I think i need me one of dem der contraptoids. 
I have been looking at setups reciently for csm, your pics are very encouraging!


----------



## Trigger-Time (Jan 6, 2008)

undercut said:


> I think i need me one of dem der contraptoids.
> I have been looking at setups reciently for csm, your pics are very encouraging!



You need to get you'r feet wet, if money is tight IMO a mini mill
is a good start. I bought it for edging, after only one day and
just a few cuts I would recommend one.

Link to Bailey's, where I bought mine.........so jump in and get you'r feet WET!  

http://www.baileysonline.com/itemdetail.asp?item=46555&catID=


----------



## 04ultra (Jan 6, 2008)

Looks like a fun day out there Gary...........  








.


----------



## Trigger-Time (Jan 6, 2008)

I was to lazy to take bale spike off tractor and put the jib (boom) on.
Made a little ramp, loaded cant up headed to the house. Sure did
make me appreciate my tractor more.






White Oaks that will be milled one day.






Dad needed a few pieces of 8/4 lumber. Cant on trailer was nice, very windy
today but was able to turn it to have wind to my back. Didn't eat any dust,
saw air filter stayed very clean. I replaced the crank shaft, bearings, 
OEM piston kit and a few other things on this 066, this is the first milling
it has done after the overhaul. It was kind of holding my breath but it
seems to run good and holding together (knock on wood).  

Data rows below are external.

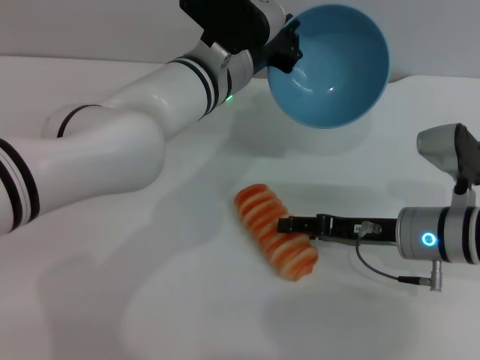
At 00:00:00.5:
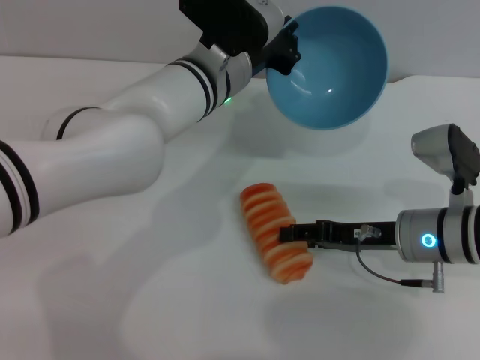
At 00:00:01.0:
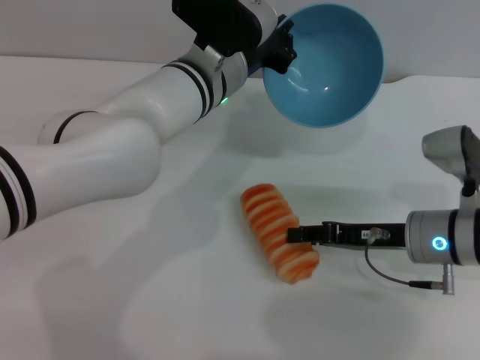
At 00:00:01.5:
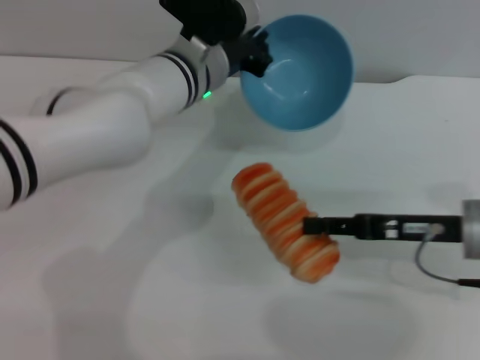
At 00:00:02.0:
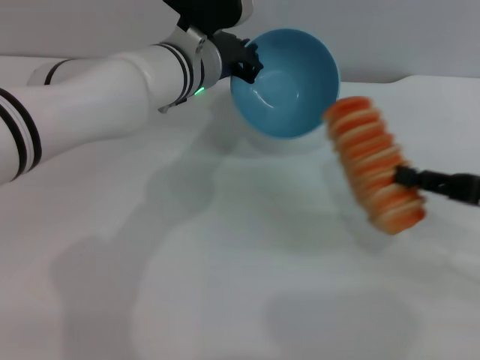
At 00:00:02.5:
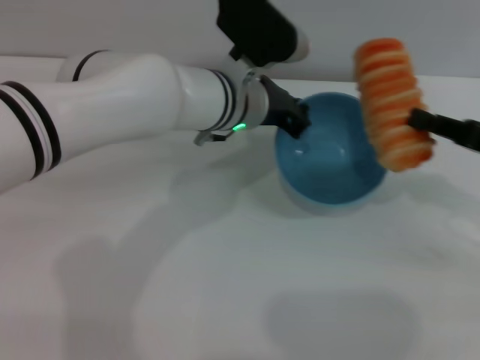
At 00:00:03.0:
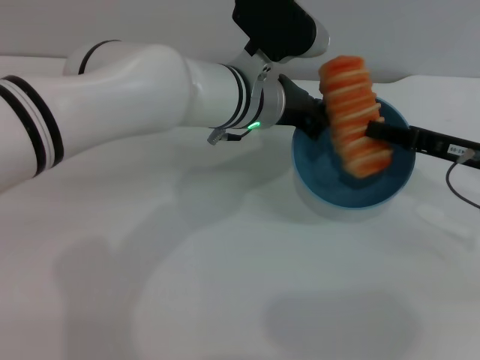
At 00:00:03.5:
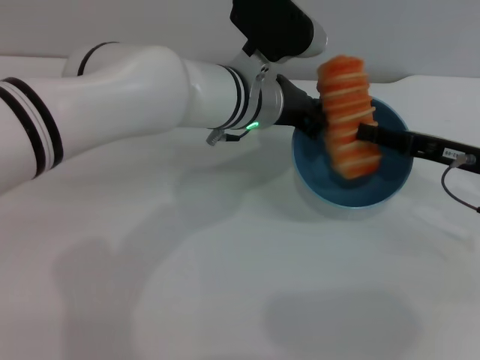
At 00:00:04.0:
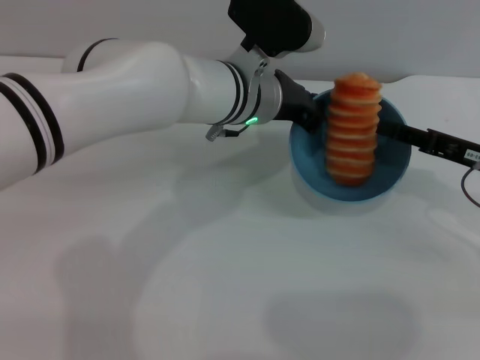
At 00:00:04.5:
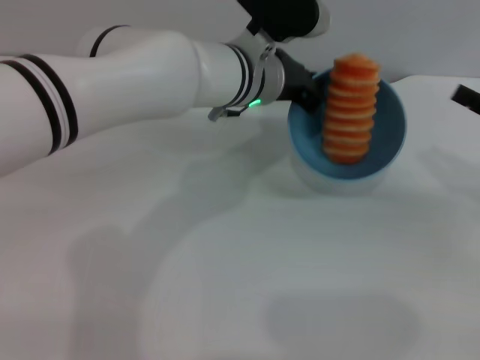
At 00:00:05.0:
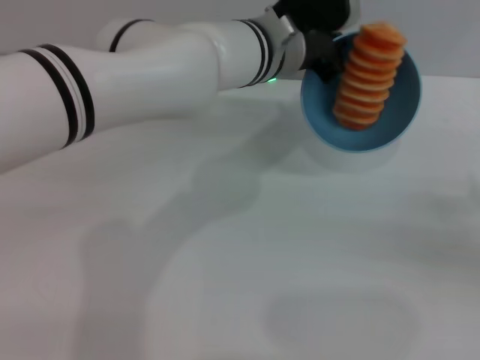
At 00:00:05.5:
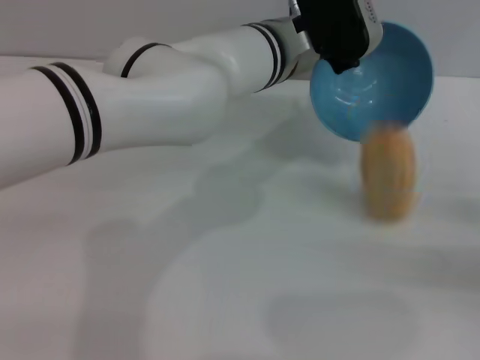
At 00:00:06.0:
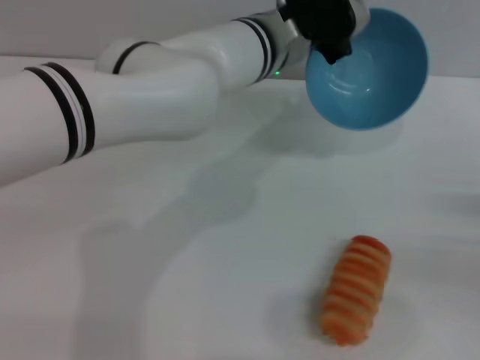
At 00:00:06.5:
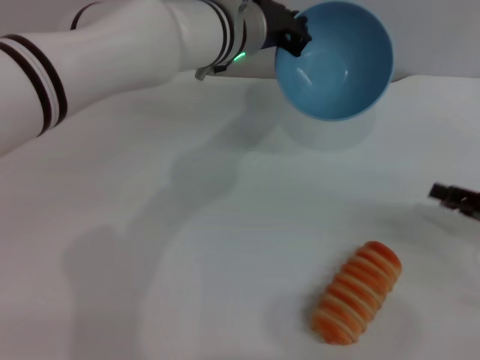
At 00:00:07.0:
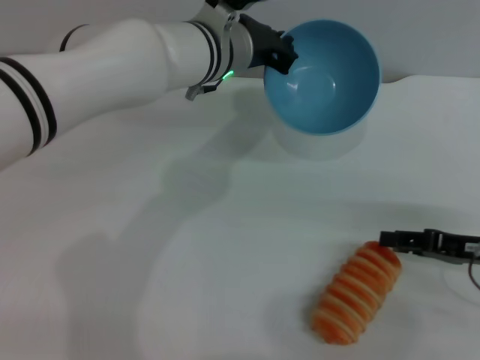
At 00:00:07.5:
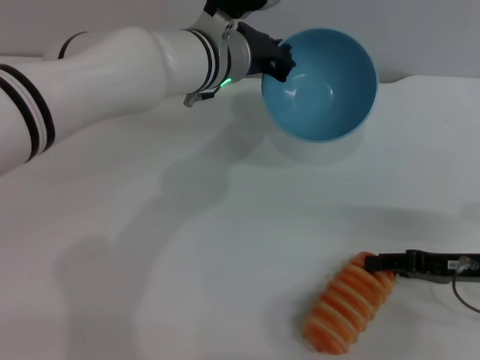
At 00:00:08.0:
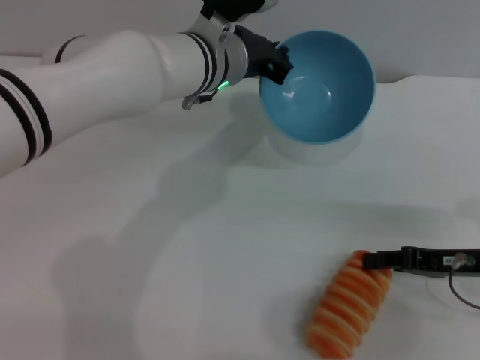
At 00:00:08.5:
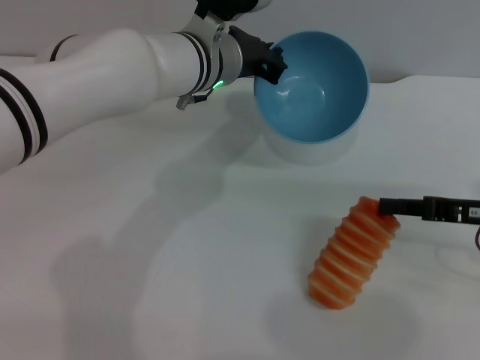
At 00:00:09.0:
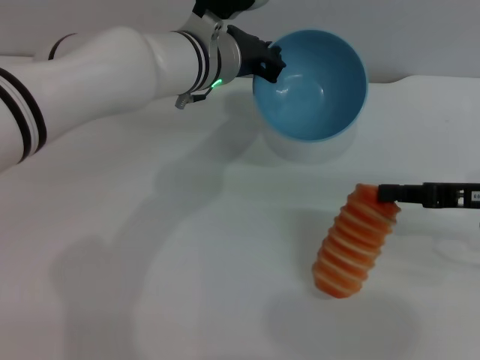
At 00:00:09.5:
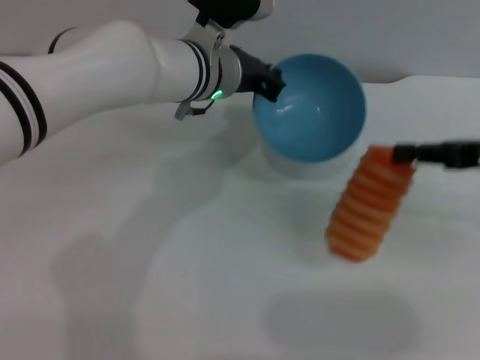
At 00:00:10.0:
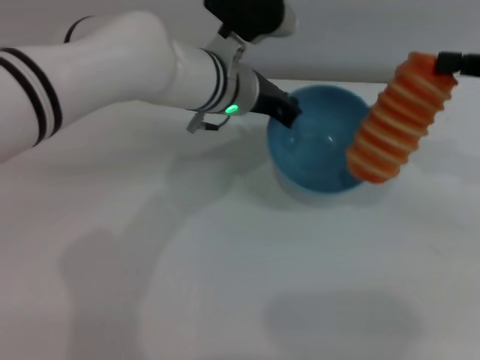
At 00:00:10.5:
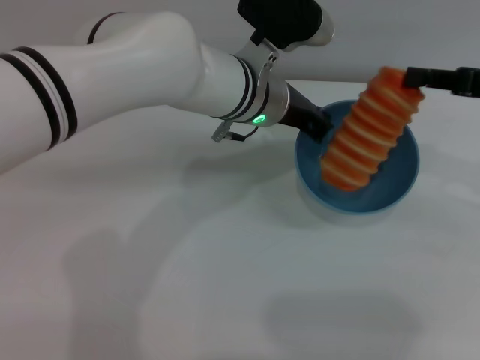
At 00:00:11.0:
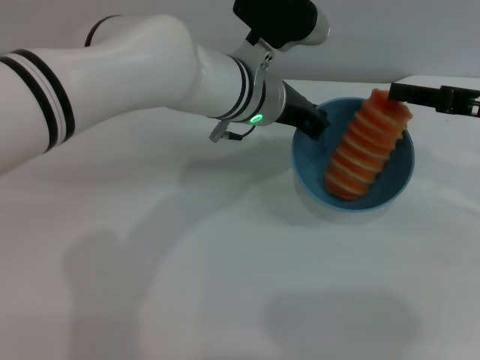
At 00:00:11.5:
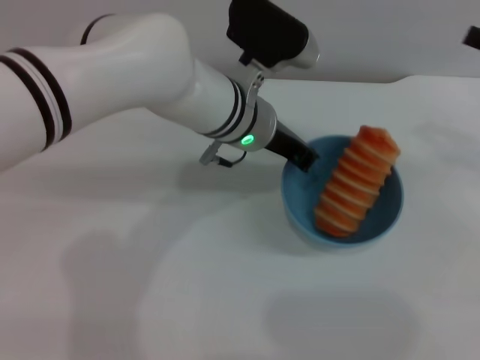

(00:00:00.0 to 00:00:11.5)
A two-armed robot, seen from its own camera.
Task of the whole recording: put the bread into the blue bowl and pour it out repeatedly.
Step, 00:00:02.0 - 00:00:04.0: Place the bread into the bowl.
Step, 00:00:04.5 - 00:00:05.5: Pour the bread out of the bowl.
Step, 00:00:06.5 - 00:00:09.5: Pick up the bread with the right gripper.
Step, 00:00:10.0 - 00:00:11.0: Place the bread into the bowl.
00:00:00.0 - 00:00:02.0: The right gripper is displaced to the right and upward by about 15 cm, and closes.
00:00:02.0 - 00:00:04.0: The left gripper goes approximately 5 cm to the right; the right gripper moves forward, about 5 cm, and opens up.
00:00:04.0 - 00:00:06.0: The right gripper heads to the right and backward, covering about 10 cm.
00:00:06.0 - 00:00:07.5: The right gripper goes approximately 10 cm to the left. Meanwhile the left gripper shifts about 5 cm to the left.
00:00:07.5 - 00:00:09.5: The right gripper shifts some 10 cm upward, and closes up.
00:00:09.5 - 00:00:11.5: The left gripper moves approximately 5 cm. Meanwhile the right gripper moves about 5 cm, and opens its fingers.

(Woodshop) Wood is getting lighter but has alot of pink color to it.


----------



## woodshop (Jan 6, 2008)

Trigger-Time said:


> ...(Woodshop) Wood is getting lighter but has alot of pink color to it.



Oh yeah... that looks like a dead ringer for white oak there. Nice lookin wood. Most oak is pinkish when wet and first cut, but some of the red oaks (pin oak, northern red, scarlet oak) have more of a reddish color. Once they are dry and run through the planer though, you can really see the diff between the red and white. White oak will have more of a light tan cast, while the red oaks can still have a bit of pinkish tinge to them. White oak in general has larger rays (rays grow from the center of the tree out towards the bark, 90 degrees from the majority of fibers running vertically up and down the trunk), thus when quartersawn, the white oak shows more of those large irregular rays on the surface, beautiful. 

I just love wood... can't get enough of it.


----------



## rayvil01 (Jan 8, 2008)

The mini-mill looks like a neat unit. I've only seen it in pictures and videos. The thing that spooks me off is that unprotected bar and chain coming out the bottom of the log. It looks like it gets fairly close to the operator's legs. Or is that just camera angle? 

BTW, got my 30" Granberg Mill. The last time I saw instructions this good to put something together, it was 20-some years ago putting some toy together on Christmas Eve! (Sarcasm Font)  We'll get it. Is there any particular thing that should get Red Loctite?


----------



## Trigger-Time (Jan 8, 2008)

rayvil01 said:


> The mini-mill looks like a neat unit. I've only seen it in pictures and videos. The thing that spooks me off is that unprotected bar and chain coming out the bottom of the log. It looks like it gets fairly close to the operator's legs. Or is that just camera angle?
> 
> BTW, got my 30" Granberg Mill. The last time I saw instructions this good to put something together, it was 20-some years ago putting some toy together on Christmas Eve! (Sarcasm Font)  We'll get it. Is there any particular thing that should get Red Loctite?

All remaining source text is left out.